Should the bill pass, school districts would be directed to hold two public meetings to develop and adopt their homework policies. Districts would also have to post their policy publicly and update it every five years. 

The state Department of Education would be required to post guidelines for developing homework policies by Jan. 1, 2026. 

Should the bill cause school districts to have to spend money to meet the guidelines of their policy, the state would reimburse those districts for certain costs. 

According to the bill, research shows that 45% of students consider homework a primary source of stress, and adding more homework can cause them to not meet developmental needs or cultivate critical life skills. That, the bill states, leads to students dropping activities, not seeing friends or family and choosing to not pursue hobbies that they enjoy. 

Schiavo said the idea of the bill came from her daughter, Sophia, a sixth-grade student, who spoke at the news conference. During her campaign in 2022, Sophia asked her mom if she would have the power to ban homework, Schiavo said. 
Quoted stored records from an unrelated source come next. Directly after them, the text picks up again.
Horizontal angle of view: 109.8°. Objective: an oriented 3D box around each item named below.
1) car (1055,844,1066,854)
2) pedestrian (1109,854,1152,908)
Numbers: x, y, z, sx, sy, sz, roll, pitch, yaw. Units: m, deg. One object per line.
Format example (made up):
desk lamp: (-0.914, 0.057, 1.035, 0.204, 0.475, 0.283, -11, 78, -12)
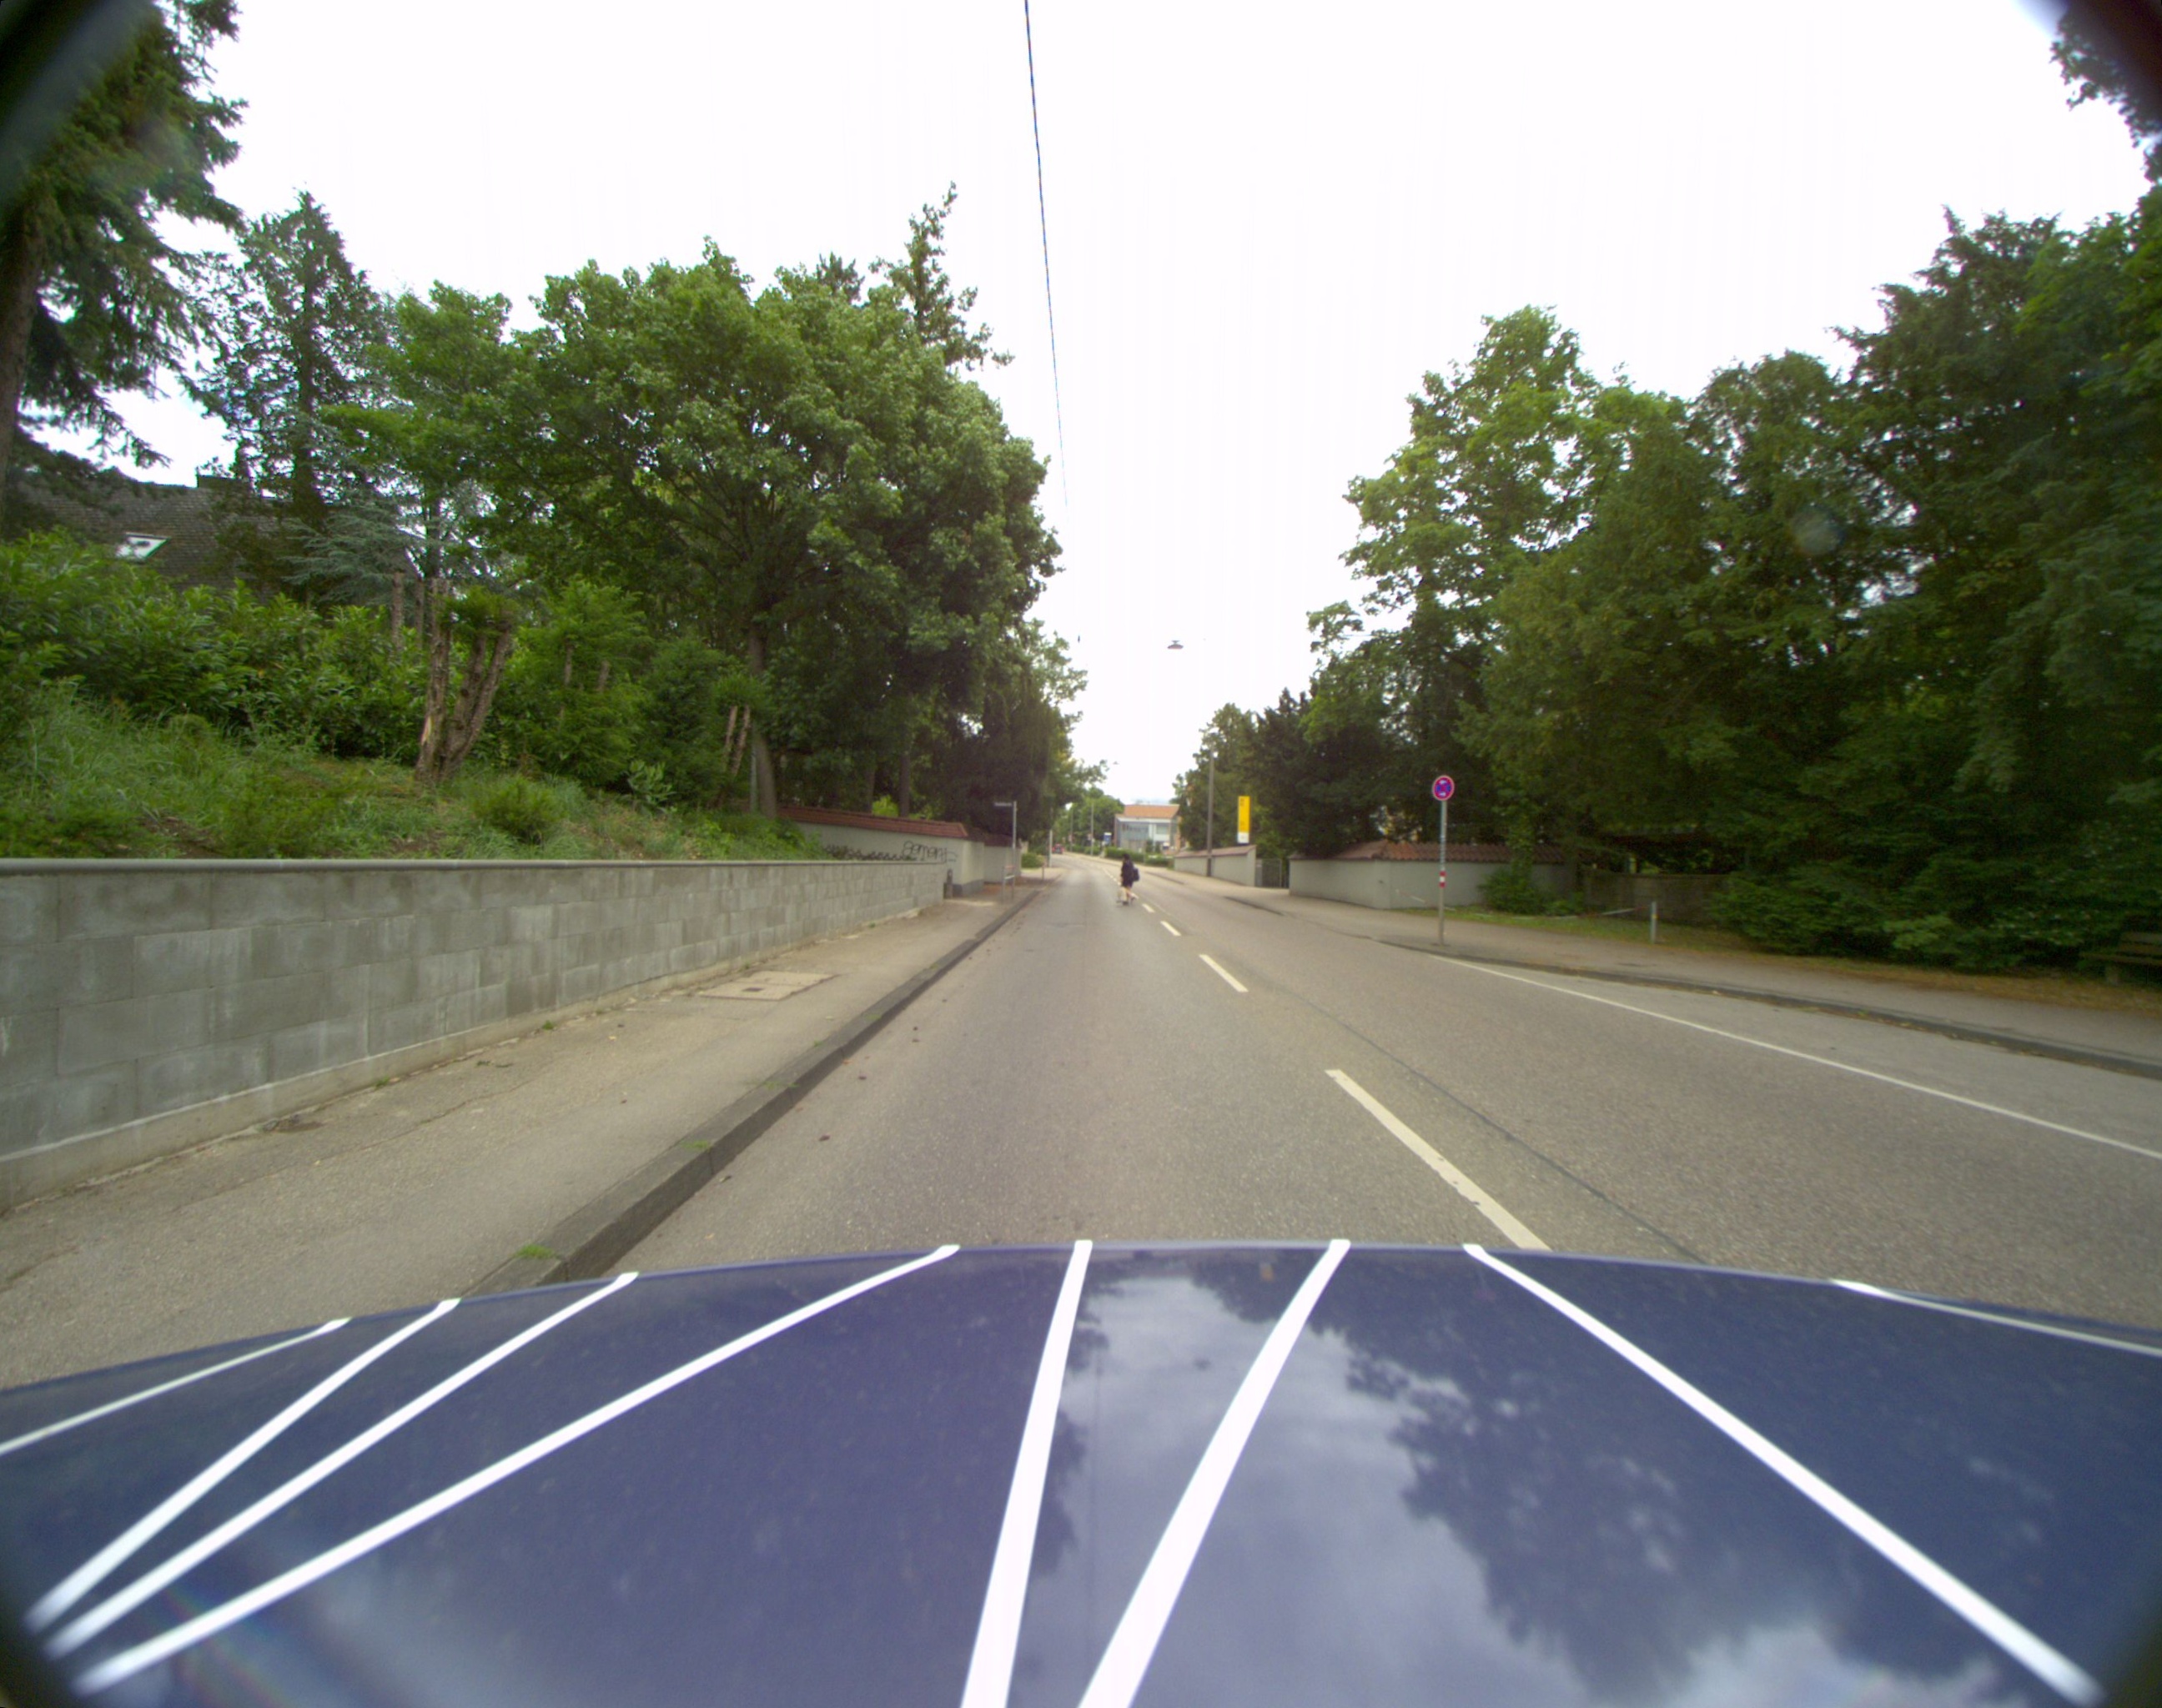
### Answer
car: (-3.829, -1.002, 145.454, 1.895, 1.845, 5.082, 4, 0, 0)
pedestrian: (1.473, 0.779, 22.707, 0.900, 1.551, 0.930, 1, 2, 38)

Assemblywoman Pilar Schiavo, D-Chatsworth, brought her daughter, Sophia, to speak during a news conference held in Sacramento last week for her new bill focused on changing homework policies. Screenshot.
Assemblywoman Pilar Schiavo, D-Chatsworth, brought her daughter, Sophia, to speak during a news conference held in Sacramento last week for her new bill focused on changing homework policies. Screenshot.

Last week, Sophia explained why she brought that up. 
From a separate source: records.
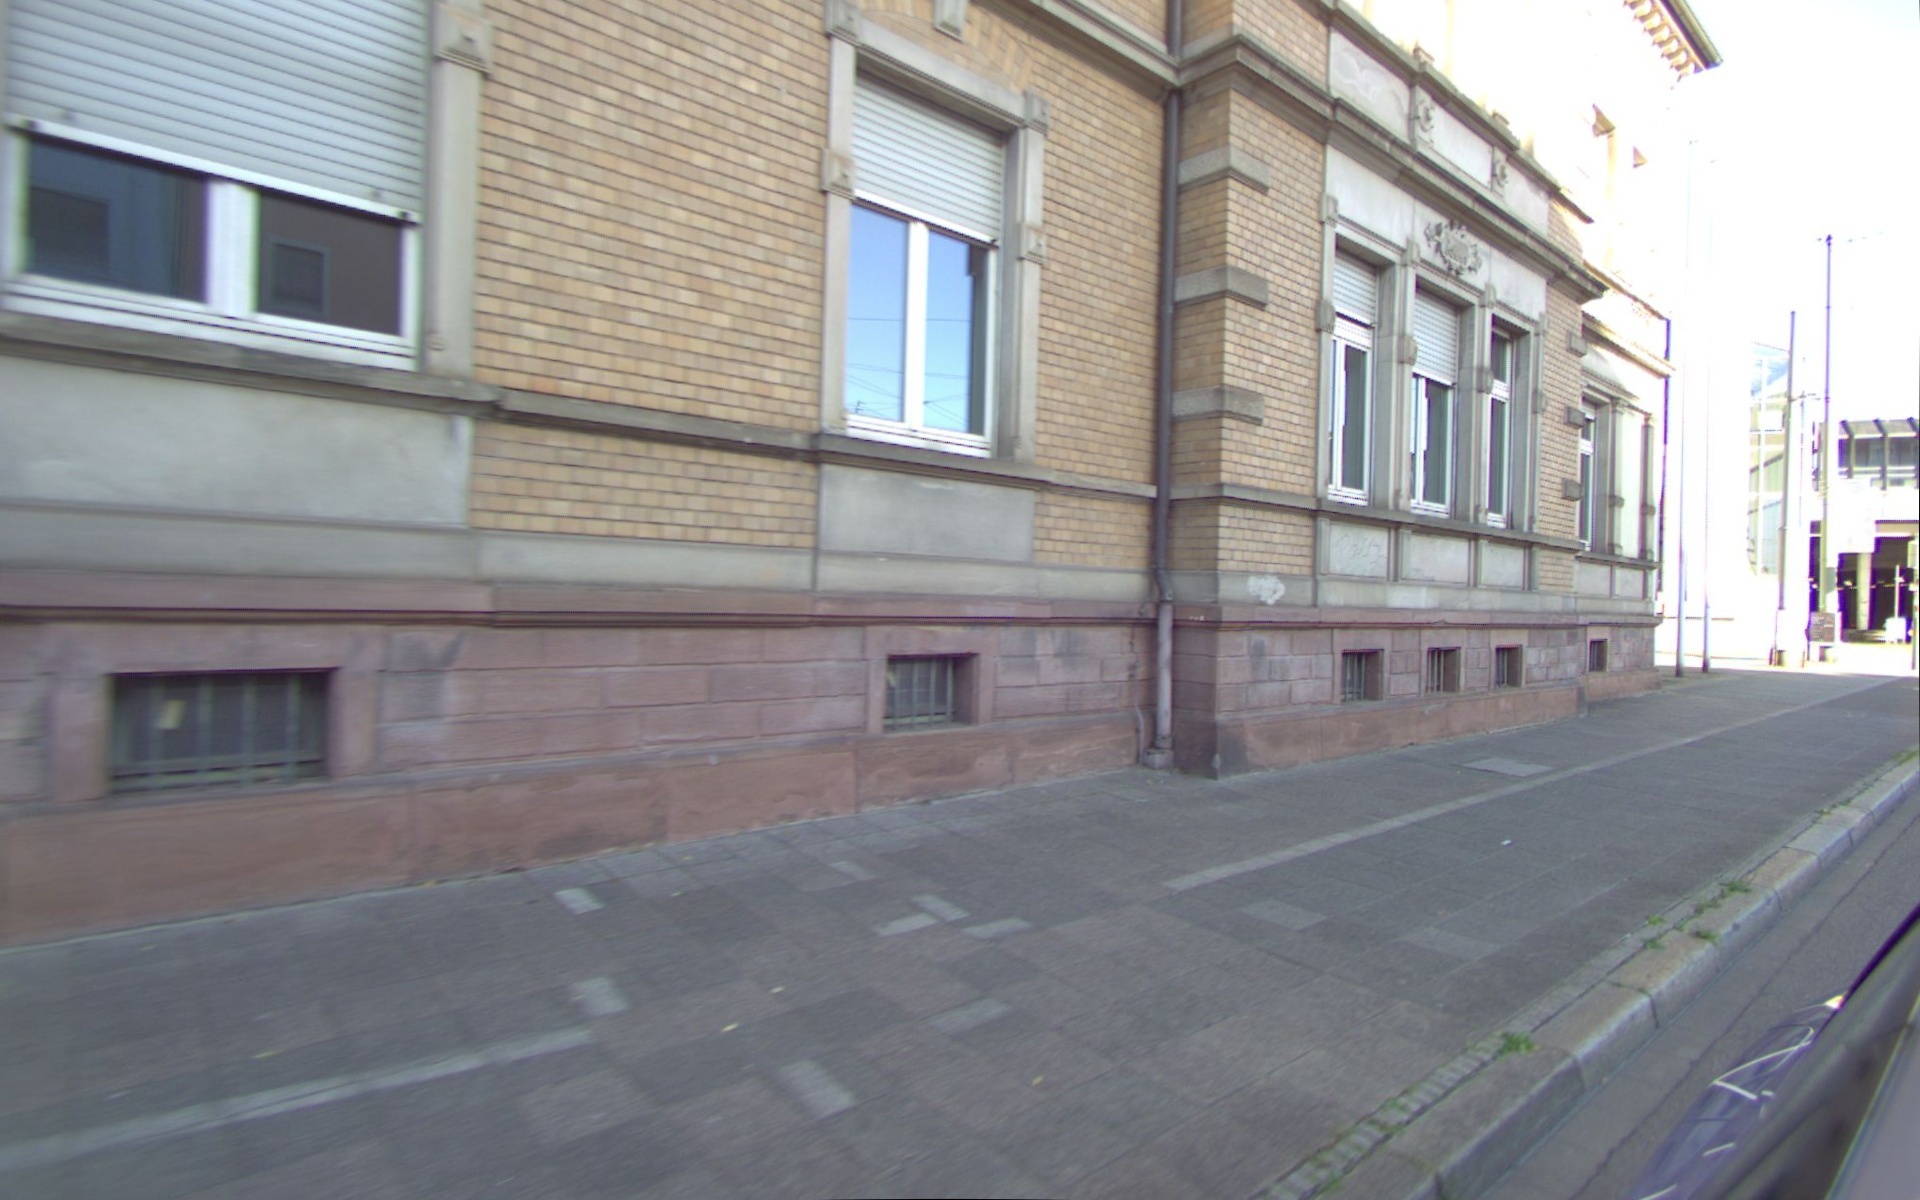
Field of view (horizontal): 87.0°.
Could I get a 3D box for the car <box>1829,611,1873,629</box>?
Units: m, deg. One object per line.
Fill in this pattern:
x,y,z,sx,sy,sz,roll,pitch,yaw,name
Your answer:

“Homework is exhausting. It’s overwhelming,” Sophia said. “And it’s depressing that my whole day, from when I wake up until when I go to bed, is nearly all taken up with schoolwork. With most of my time scheduled for me, it’s making me not like school at all.” 

According to Denise Pope, a senior lecturer in education at Stanford, of 13,000 California high school students who were surveyed, the average amount of homework was two and a half hours. 
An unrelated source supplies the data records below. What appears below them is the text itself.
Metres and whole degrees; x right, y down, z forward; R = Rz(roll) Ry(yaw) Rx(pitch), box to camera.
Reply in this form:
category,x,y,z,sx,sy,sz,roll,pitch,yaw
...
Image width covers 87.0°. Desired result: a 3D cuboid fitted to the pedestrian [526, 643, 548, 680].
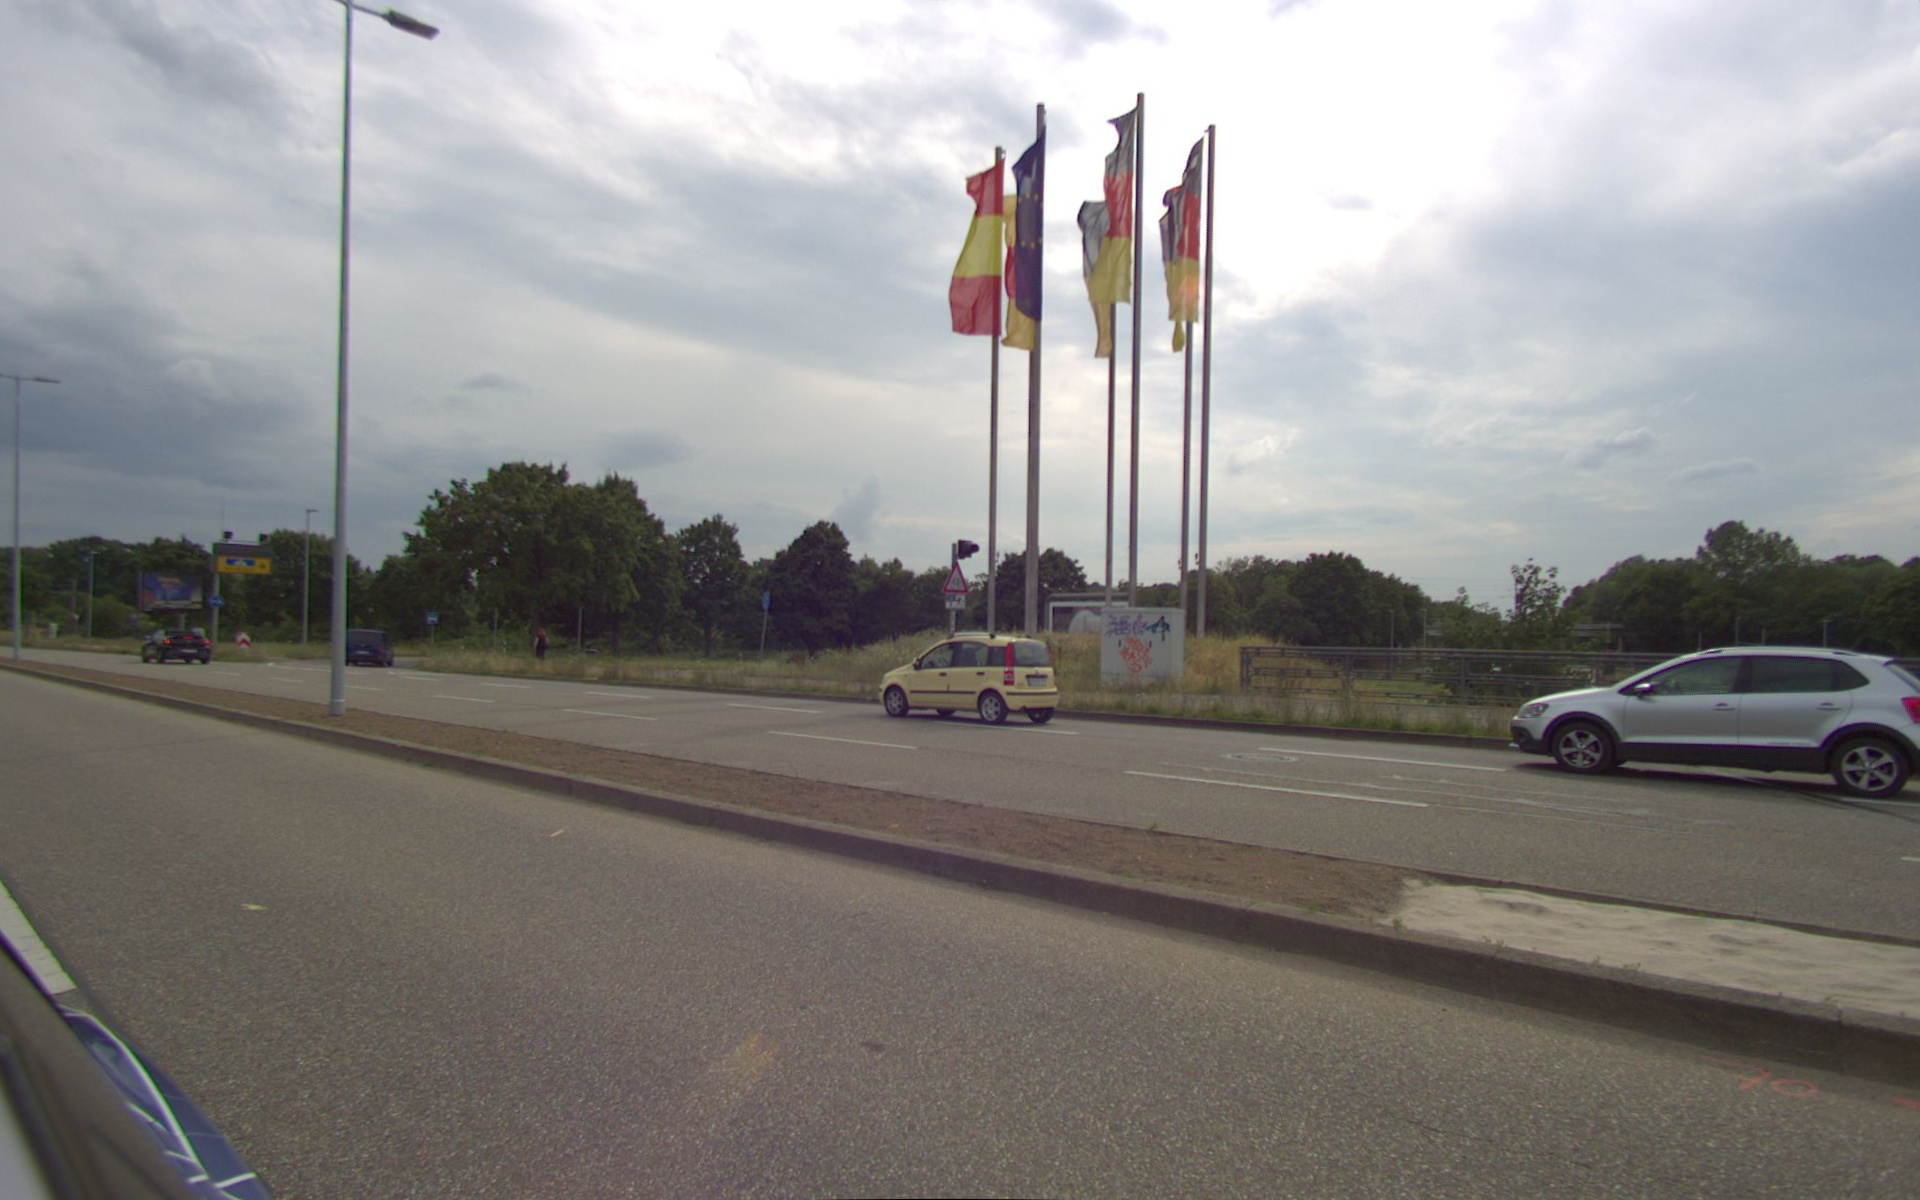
category,x,y,z,sx,sy,sz,roll,pitch,yaw
pedestrian,-19.898,2.893,47.591,0.853,1.706,0.681,2,-3,-18

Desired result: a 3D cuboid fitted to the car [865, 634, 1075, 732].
category,x,y,z,sx,sy,sz,roll,pitch,yaw
car,0.122,1.428,18.287,3.688,1.590,1.532,-2,-4,41

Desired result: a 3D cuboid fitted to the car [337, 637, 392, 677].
category,x,y,z,sx,sy,sz,roll,pitch,yaw
car,-31.132,2.966,53.035,1.821,1.908,5.522,3,-4,-25

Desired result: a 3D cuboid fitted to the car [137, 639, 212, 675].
category,x,y,z,sx,sy,sz,roll,pitch,yaw
car,-33.988,2.443,43.748,4.174,1.452,1.745,-2,-4,41

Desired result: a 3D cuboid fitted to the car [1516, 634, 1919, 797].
category,x,y,z,sx,sy,sz,roll,pitch,yaw
car,8.508,1.155,11.059,4.014,1.527,1.632,-2,-4,42

That, she said, leaves little time for sleep, time with friends and family and other extracurricular activities after also spending seven to eight hours in school each day. 

“This isn’t just a frivolous thing, it turns out,” Pope said. “Extensive research will show you that playtime, downtime and family time are considered protective factors and are fundamental to healthy children.” 

Schiavo added that more homework could also lead to more time using screens and students learning poor time management skills as most of their time would be spent doing only one thing. 

“We’re asking students to do actually three shifts,” Schiavo said. “They go to school all day and then they go to after-school or after-school activities, and then come home and sit at the table in the evening and work all night on their homework.” 

Valencia High School teacher Casey Cuny spoke at a news conference last week on Assemblywoman Pilar Schiavo's new bill seeking to change homework policies. Screenshot.
Valencia High School teacher Casey Cuny spoke at a news conference last week on Assemblywoman Pilar Schiavo’s new bill seeking to change homework policies. Screenshot.

Also in Sacramento for the news conference was Casey Cuny, a Valencia High School English teacher and one of five teachers selected as the 2023-24 California Teachers of the Year.  

Cuny said he initially taught the way that he was taught, meaning lots of homework. These days, Cuny focuses more on teaching in the classroom and only assigning small amounts of homework to reinforce certain ideas. 

“I think there’s enough time in the classroom for the learning to take place in the classroom with the professional,” Cuny said. “There is space for meaningful homework, but it doesn’t need to be 50 problems.”